À l’œil, un ragréage sec présente une teinte homogène, sans zones plus foncées qui trahiraient une humidité persistante. Les zones humides restent visiblement plus grises que les zones sèches.
Les erreurs qui coûtent cher
Poser un revêtement trop tôt est évidemment la première d’entre elles, mais d’autres pièges existent. Chauffer la pièce à plus de 25°C pour accélérer le séchage crée des contraintes thermiques dans la masse encore fragile. Fermer hermétiquement la pièce dès le coulage empêche l’évaporation et rallonge le délai global.
Omettre le primaire d’accrochage sur certains supports (carrelage existant, béton lisse, bois) est une autre erreur fréquente.

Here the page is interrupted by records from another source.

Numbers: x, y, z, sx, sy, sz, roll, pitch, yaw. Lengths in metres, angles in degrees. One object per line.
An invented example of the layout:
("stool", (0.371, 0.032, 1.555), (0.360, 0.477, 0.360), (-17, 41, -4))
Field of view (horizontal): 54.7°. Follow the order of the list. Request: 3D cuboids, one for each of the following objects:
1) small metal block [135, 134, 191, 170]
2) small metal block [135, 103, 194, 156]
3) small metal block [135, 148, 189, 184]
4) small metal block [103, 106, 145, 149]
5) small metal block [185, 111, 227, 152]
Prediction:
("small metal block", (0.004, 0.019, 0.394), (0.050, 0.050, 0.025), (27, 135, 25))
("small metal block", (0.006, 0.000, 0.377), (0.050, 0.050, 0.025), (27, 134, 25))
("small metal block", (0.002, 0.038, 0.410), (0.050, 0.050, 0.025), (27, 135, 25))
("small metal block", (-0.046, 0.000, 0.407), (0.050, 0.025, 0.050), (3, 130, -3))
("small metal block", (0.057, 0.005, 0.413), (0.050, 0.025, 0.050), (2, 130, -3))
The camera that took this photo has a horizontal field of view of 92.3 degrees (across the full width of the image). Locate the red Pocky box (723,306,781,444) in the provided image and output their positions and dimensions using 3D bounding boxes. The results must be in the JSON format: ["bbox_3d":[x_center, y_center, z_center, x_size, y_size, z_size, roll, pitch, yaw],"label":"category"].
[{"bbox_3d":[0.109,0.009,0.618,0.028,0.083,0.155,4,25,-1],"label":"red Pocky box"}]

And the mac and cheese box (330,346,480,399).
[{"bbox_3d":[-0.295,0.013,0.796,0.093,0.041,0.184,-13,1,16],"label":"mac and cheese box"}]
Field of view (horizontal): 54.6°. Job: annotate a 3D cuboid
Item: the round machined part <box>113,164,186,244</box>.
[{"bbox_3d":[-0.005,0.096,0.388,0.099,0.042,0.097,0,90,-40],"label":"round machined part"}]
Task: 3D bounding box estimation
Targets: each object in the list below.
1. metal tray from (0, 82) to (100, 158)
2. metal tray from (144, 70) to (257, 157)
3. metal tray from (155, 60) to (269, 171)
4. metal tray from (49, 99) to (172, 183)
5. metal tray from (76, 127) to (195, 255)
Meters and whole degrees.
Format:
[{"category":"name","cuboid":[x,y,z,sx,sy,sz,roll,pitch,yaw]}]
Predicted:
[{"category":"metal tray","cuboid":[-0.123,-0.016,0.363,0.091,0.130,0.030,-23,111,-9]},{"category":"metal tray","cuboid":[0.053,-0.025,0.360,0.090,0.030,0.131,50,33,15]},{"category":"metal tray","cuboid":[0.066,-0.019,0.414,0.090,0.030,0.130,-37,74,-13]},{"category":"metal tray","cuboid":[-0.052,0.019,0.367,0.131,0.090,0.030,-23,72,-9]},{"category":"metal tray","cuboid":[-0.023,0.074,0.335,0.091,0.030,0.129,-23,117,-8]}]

Ce produit améliore l’adhérence et régule l’absorption du support, ce qui contribue indirectement à un séchage plus homogène.
Enfin, appliquer le ragréage en épaisseur irrégulière garantit un séchage non uniforme : les zones épaisses restent humides bien après que les zones fines sont sèches, ce qui complique considérablement la décision de poser le revêtement.